__WHAT NEEDS TO BE DONE__:
Could you report every line of the listing below that holds the word "radar"?

━━━━━━━━

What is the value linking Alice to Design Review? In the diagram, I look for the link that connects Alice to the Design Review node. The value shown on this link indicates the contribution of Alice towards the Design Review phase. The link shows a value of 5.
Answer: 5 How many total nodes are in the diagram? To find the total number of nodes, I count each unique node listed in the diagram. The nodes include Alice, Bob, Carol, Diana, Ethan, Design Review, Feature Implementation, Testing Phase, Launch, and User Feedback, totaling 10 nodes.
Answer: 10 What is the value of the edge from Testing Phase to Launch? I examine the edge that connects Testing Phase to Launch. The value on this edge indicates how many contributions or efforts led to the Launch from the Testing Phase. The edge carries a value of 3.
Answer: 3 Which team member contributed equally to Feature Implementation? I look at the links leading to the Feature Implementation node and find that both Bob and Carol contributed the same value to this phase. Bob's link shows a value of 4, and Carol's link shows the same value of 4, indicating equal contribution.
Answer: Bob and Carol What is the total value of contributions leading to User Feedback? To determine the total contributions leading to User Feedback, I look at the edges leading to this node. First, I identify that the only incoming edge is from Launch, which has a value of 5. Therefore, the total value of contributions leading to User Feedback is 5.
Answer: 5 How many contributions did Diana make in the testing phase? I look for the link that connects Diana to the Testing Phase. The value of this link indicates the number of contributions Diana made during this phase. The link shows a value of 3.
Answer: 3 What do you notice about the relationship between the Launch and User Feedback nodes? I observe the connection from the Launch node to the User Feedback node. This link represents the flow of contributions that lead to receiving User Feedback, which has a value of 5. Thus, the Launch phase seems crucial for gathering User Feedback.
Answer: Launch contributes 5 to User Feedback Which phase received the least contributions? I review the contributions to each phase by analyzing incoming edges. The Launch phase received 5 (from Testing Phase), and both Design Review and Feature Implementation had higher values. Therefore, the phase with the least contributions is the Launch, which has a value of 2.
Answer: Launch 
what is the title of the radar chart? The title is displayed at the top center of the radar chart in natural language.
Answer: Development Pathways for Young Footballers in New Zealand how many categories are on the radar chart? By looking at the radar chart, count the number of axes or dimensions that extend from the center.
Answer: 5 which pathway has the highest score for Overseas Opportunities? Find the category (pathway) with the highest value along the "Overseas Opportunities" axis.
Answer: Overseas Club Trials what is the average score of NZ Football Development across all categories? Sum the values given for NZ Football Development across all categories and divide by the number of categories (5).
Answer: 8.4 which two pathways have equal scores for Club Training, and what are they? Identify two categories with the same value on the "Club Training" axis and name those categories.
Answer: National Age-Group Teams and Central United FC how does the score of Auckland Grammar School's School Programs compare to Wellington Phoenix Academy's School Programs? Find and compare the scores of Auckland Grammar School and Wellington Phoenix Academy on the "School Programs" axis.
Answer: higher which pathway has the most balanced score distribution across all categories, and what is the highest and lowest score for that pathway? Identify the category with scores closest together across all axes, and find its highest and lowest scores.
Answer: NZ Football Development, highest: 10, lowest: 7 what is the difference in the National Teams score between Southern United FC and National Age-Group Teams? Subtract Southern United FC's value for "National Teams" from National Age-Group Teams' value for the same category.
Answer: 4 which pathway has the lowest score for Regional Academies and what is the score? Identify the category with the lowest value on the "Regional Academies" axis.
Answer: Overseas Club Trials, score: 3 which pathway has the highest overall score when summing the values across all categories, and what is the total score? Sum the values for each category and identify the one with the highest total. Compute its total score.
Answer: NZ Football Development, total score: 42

━━━━━━━━

__TASK OUTPUT__:
what is the title of the radar chart? The title is displayed at the top center of the radar chart in natural language.
Answer: Development Pathways for Young Footballers in New Zealand how many categories are on the radar chart? By looking at the radar chart, count the number of axes or dimensions that extend from the center.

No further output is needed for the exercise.